Would you copy each line of the records that includes the word "isValid"?

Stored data
+===+
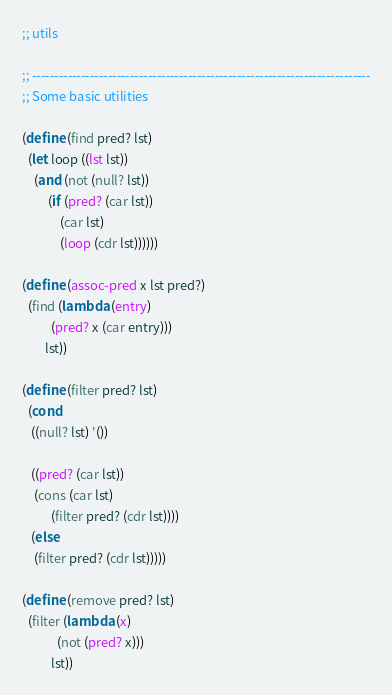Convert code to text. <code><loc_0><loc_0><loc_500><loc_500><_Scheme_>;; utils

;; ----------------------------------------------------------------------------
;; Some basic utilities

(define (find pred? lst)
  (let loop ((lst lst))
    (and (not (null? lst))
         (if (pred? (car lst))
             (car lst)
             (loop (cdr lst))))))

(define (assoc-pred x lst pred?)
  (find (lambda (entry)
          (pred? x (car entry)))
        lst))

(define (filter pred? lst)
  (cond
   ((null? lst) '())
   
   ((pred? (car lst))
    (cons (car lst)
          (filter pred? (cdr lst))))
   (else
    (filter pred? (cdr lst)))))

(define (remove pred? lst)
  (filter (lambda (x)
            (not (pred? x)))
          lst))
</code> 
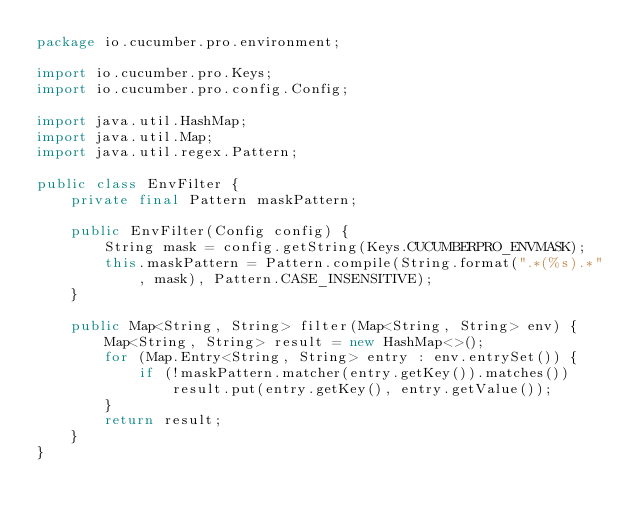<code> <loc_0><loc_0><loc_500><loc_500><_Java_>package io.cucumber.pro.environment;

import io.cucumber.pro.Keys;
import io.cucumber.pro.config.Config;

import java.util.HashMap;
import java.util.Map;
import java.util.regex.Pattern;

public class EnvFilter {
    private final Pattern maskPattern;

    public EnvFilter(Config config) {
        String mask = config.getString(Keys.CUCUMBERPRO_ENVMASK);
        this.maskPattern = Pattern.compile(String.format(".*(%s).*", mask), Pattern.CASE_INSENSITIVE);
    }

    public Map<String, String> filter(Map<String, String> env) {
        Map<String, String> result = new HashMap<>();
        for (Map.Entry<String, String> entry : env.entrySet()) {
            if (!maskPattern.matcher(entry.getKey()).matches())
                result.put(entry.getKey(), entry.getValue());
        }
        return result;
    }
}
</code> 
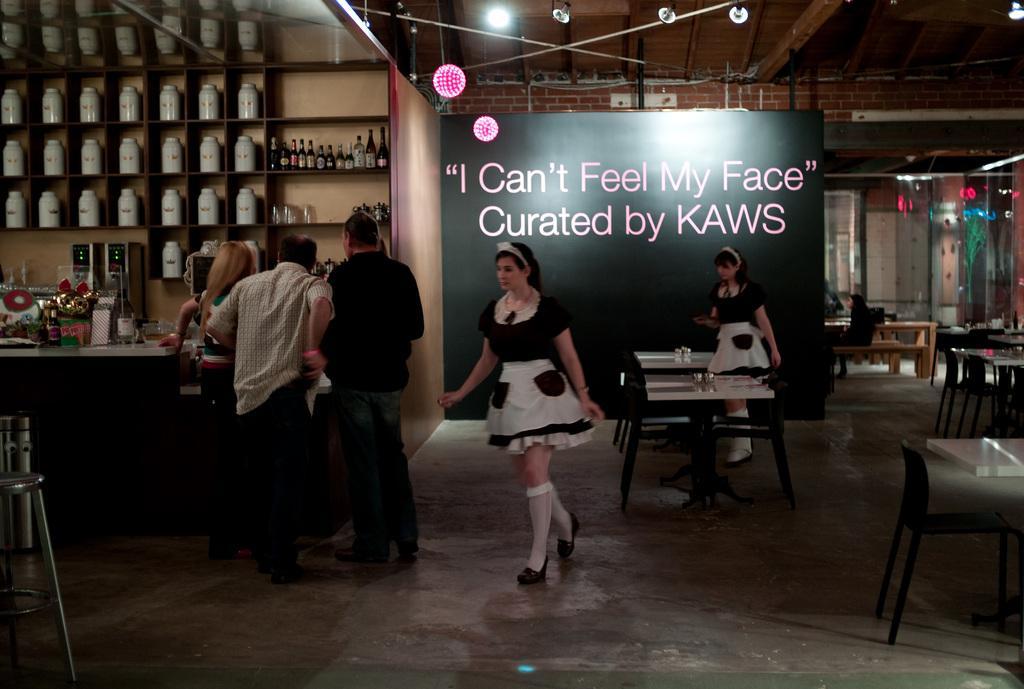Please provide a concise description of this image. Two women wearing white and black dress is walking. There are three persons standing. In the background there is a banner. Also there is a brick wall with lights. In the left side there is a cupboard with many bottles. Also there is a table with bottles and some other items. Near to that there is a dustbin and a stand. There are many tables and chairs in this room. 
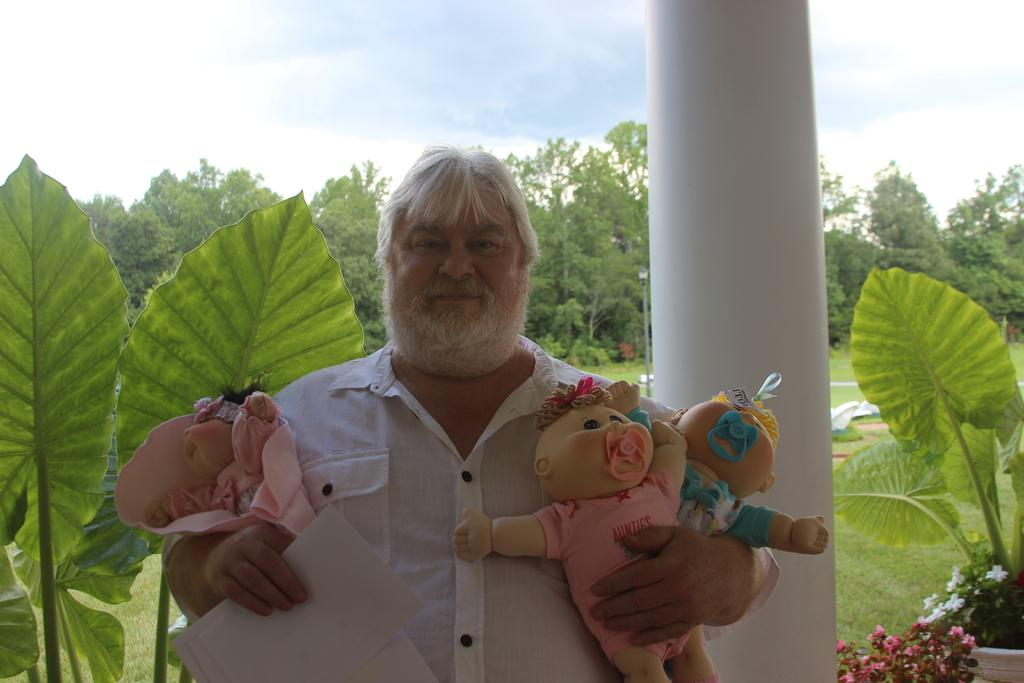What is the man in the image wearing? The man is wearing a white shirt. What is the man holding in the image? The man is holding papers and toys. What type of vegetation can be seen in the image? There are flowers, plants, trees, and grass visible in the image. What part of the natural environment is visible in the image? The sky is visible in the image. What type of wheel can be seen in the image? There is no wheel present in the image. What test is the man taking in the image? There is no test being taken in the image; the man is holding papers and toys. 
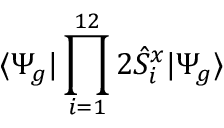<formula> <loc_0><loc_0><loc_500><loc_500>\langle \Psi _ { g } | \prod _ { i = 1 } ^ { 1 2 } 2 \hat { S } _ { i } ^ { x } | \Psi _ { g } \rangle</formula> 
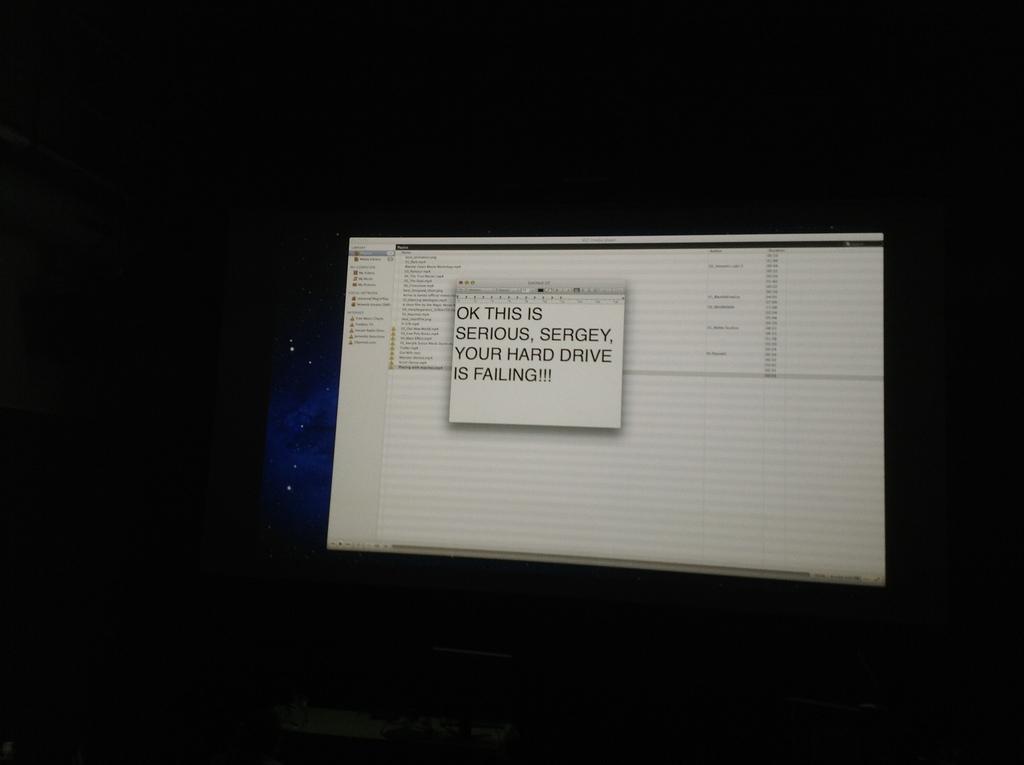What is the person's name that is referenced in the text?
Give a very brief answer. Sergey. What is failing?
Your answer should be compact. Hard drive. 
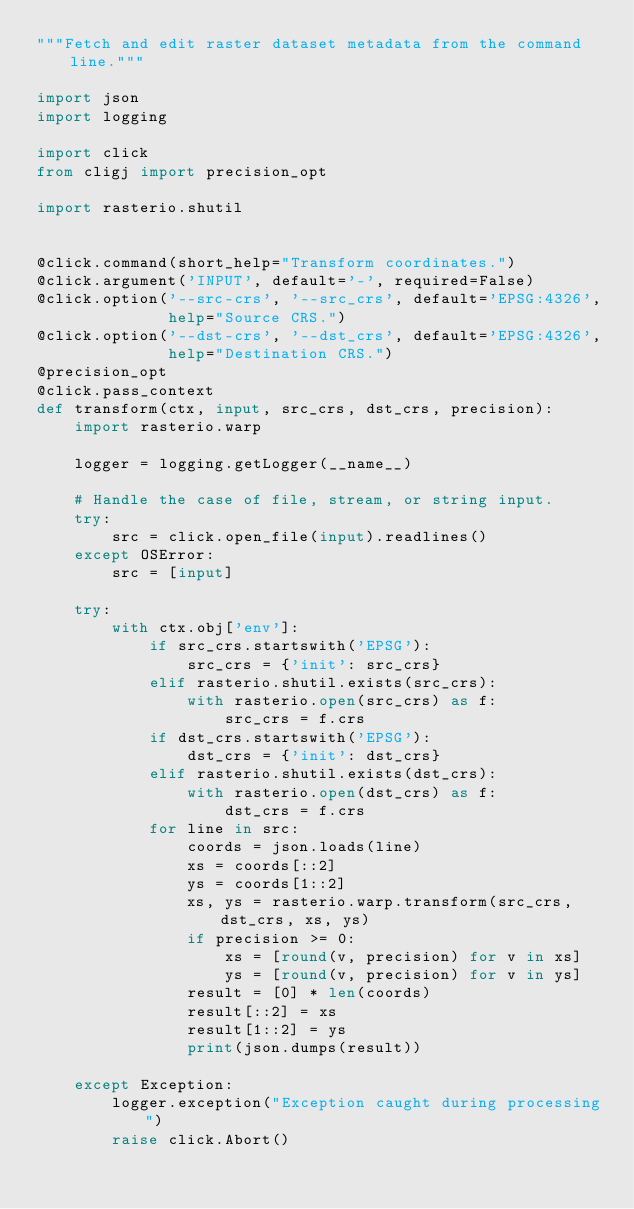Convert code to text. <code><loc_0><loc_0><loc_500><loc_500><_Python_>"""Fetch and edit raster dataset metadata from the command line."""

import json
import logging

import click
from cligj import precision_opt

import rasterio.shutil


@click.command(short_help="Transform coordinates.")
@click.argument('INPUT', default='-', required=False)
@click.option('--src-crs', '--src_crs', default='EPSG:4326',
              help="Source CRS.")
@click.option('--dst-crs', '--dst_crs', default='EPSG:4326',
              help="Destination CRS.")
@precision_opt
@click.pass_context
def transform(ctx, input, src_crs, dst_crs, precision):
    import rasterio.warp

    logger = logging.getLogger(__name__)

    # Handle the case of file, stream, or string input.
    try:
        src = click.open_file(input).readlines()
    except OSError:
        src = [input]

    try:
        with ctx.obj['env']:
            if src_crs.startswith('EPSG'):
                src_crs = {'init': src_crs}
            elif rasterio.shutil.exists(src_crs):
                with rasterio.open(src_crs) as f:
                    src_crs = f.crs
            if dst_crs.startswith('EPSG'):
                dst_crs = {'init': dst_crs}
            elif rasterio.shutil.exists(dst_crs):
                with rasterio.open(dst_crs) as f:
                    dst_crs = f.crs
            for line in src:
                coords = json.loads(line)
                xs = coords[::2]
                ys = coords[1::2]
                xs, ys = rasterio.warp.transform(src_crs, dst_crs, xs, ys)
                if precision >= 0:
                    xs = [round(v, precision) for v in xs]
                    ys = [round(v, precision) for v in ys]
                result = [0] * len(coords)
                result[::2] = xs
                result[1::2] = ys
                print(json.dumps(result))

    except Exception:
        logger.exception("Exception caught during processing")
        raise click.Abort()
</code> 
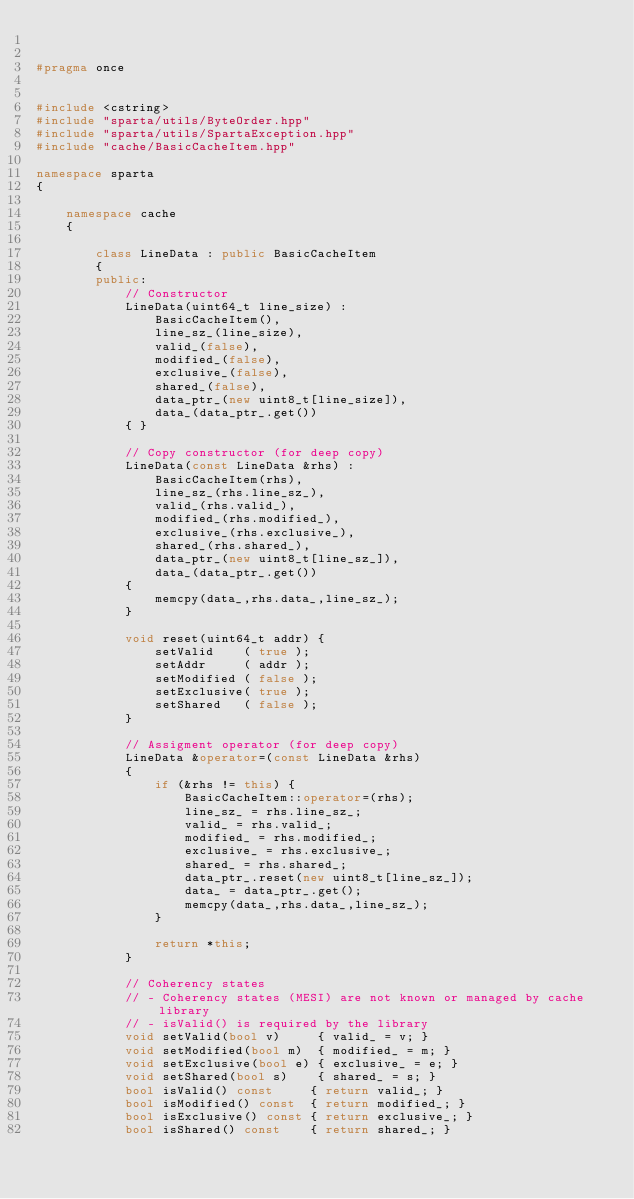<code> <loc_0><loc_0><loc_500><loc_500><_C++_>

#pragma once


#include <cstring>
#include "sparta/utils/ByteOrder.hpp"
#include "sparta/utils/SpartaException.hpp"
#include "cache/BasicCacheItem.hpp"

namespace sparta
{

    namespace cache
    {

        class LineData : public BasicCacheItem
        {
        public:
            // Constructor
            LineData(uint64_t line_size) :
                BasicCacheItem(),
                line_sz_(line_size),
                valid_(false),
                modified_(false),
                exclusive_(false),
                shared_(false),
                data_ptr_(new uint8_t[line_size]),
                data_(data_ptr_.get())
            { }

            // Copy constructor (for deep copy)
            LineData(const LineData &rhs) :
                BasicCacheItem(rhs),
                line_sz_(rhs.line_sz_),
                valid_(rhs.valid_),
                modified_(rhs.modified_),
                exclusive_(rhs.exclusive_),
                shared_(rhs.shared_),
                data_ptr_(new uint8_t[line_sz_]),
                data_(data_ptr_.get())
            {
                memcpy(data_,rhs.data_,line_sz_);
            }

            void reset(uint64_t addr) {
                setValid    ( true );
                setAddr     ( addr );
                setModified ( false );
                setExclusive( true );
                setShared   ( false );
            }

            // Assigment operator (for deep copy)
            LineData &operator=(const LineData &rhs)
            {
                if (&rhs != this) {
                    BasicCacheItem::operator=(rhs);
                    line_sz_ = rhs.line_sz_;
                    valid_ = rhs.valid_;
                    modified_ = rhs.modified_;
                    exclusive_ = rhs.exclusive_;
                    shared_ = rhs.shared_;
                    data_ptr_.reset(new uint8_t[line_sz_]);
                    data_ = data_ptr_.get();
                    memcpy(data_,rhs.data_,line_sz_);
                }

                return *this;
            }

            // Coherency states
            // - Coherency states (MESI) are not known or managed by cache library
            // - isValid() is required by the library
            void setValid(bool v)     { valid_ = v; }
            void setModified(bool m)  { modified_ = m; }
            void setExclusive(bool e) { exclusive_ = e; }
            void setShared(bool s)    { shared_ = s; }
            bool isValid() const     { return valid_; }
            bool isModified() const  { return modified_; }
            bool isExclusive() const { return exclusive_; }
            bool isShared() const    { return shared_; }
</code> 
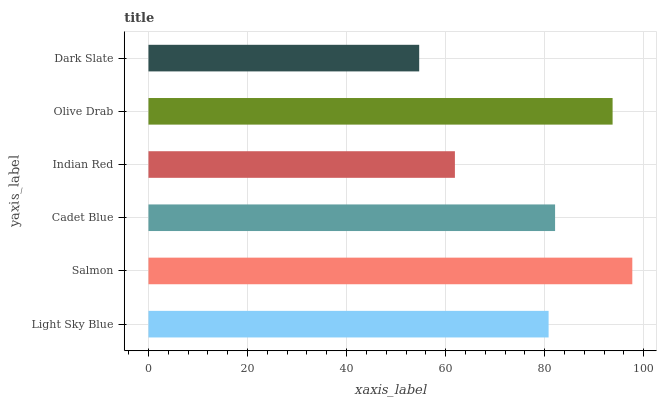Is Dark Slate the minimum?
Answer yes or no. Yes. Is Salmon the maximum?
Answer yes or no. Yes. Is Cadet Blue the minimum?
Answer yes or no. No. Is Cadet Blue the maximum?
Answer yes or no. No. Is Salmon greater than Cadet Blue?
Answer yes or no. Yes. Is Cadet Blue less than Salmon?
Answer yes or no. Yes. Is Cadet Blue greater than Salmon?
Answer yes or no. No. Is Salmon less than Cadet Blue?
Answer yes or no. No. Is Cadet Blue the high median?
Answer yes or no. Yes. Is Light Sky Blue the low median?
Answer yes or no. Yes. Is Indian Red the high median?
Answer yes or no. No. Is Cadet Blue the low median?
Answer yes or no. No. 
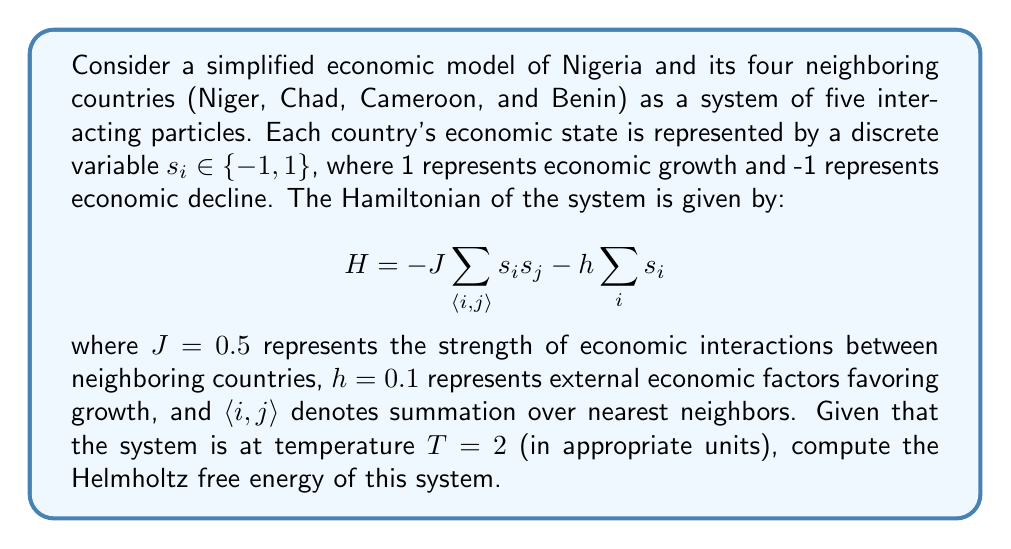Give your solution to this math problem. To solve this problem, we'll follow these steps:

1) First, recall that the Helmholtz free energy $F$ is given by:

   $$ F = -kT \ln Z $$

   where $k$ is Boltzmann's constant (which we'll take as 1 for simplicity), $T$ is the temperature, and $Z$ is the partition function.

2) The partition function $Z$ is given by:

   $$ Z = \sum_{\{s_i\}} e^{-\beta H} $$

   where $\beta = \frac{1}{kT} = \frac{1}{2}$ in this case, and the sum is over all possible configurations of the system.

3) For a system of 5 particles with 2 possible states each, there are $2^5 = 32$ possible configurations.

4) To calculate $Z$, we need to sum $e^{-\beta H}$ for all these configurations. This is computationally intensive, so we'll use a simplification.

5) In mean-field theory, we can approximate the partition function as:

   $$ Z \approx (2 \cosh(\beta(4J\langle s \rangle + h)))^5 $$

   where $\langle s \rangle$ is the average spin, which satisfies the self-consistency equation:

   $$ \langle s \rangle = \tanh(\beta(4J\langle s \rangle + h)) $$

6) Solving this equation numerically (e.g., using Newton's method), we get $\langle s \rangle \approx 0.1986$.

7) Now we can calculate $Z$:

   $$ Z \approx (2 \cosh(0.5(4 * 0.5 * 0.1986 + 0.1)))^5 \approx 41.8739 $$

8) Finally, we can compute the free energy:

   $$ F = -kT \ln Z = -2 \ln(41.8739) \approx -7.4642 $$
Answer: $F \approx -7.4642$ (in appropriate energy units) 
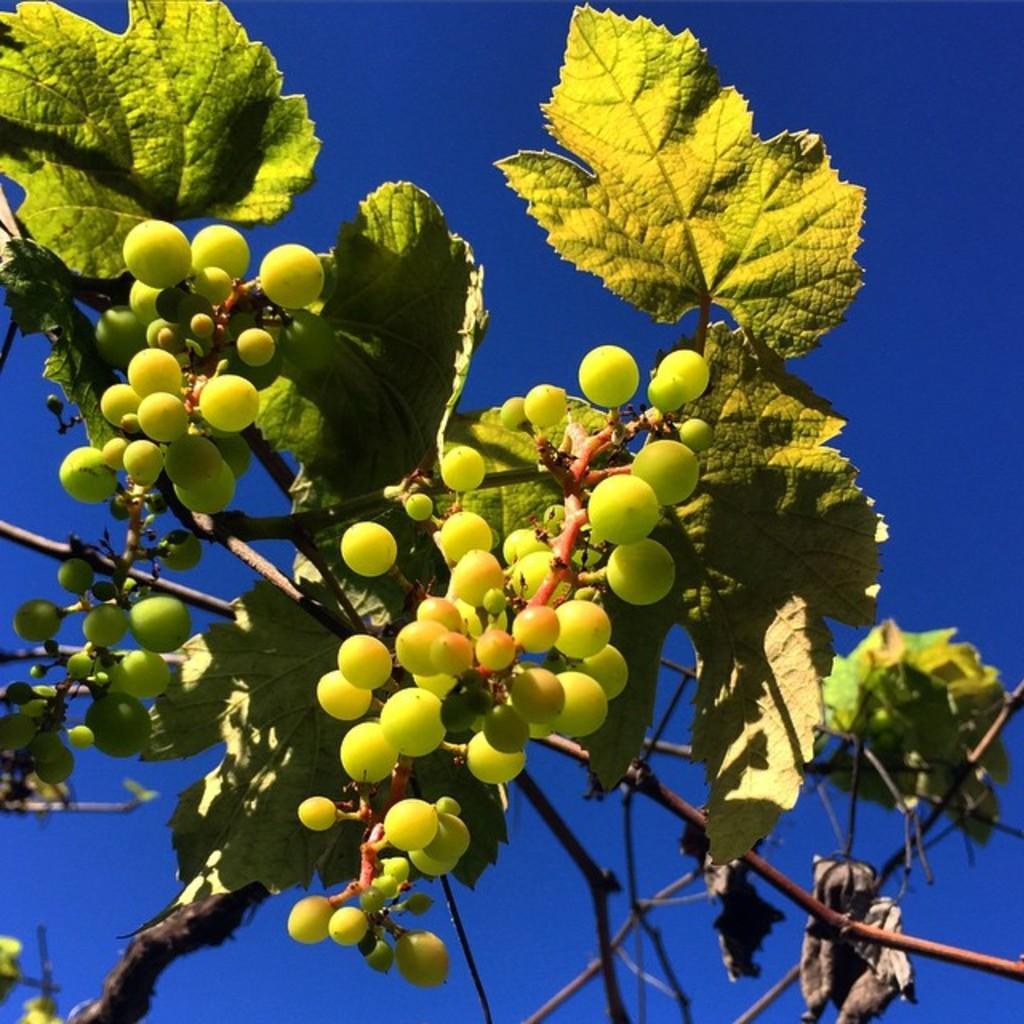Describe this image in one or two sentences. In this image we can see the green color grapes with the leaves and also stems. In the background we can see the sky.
+===+
*Exercise answer*:
            // - isValid() is required by the library
            bool isValid() const     { return valid_; }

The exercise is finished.